The function has several drawbacks.

For starters it should be declared like

std::string::size_type strStr( const std::string &haystack, const std::string &needle );

and if the second string is not found in the first string the function should return std::string::npos as all similar member functions of the class std::string do.

The function parameters shell be of constant referenced types.

The condition in this if-statement

if (haystack.empty() && !needle.empty())

has a redundant operand.

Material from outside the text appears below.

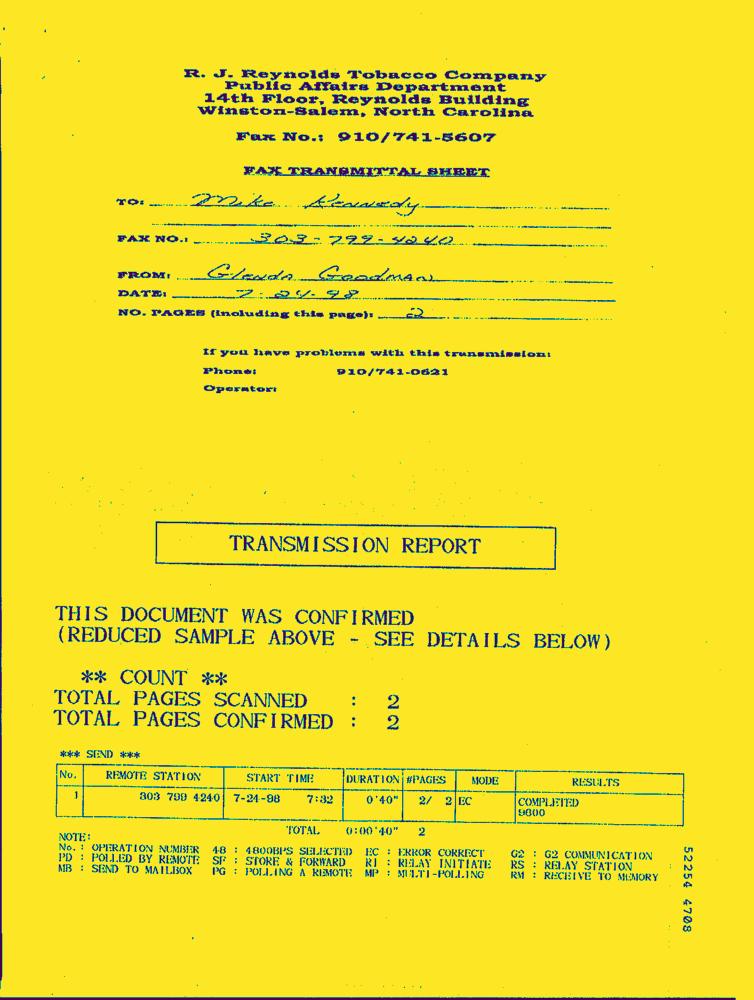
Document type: AD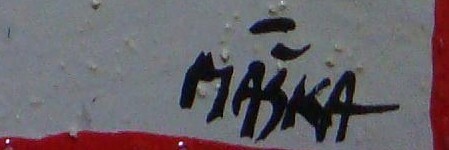
Signature of: jiří máška

It could be rewritten like

if (haystack.empty())

This loop

for (i; i < haystack.length(); i++) 

should stop its iterations when the size of the tail of the first string is less than the size of the second string.

in this if-statement

if (haystack[i++] != needle[j]) {

the variable i is incremented that results in incrementing the variable two times: one in this statement and the second time in the loop.

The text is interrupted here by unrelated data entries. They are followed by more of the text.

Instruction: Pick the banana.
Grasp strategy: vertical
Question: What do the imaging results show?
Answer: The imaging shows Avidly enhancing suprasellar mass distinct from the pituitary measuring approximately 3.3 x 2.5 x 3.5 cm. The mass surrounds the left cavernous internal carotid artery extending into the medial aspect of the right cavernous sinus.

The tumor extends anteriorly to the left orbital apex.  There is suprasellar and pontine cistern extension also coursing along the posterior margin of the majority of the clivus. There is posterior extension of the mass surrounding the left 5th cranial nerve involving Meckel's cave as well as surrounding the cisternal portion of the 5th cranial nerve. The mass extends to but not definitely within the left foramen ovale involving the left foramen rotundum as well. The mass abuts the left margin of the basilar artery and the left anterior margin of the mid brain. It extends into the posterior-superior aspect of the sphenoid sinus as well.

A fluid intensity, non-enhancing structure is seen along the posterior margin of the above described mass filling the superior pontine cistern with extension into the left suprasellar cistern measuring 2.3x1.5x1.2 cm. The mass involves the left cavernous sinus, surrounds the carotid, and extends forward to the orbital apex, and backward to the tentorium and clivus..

The second pair of these statements

        if (j == needle.length()) {
        return ans;

is redundant.

The function can be written the following way as it is shown in the demonstrative program.

#include <iostream>
#include <string>

std::string::size_type strStr( const std::string &haystack, const std::string &needle )
{
    if ( needle.empty() )
    {
        return 0;
    }
    else if ( haystack.empty() )
    {
        return -std::string::npos;
    }
    else
    {
        std::string::size_type ans = std::string::npos;

        auto n1 = haystack.length();
        auto n2 = needle.length();

        for ( std::string::size_type i = 0; ans == std::string::npos && i + n2 <= n1; i++ )
        {
            std::string::size_type j = 0;
            while ( j < n2 && haystack[i+j] == needle[j] ) j++;

            if ( j == n2 ) ans = i;
        }

        return ans;
    }
}

int main() 
{
    std::string haystack( "mississippi" );
    std::string needle( "issip" );

    std::cout << strStr( haystack, needle ) << '\n';

    return 0;
}

Its output is

4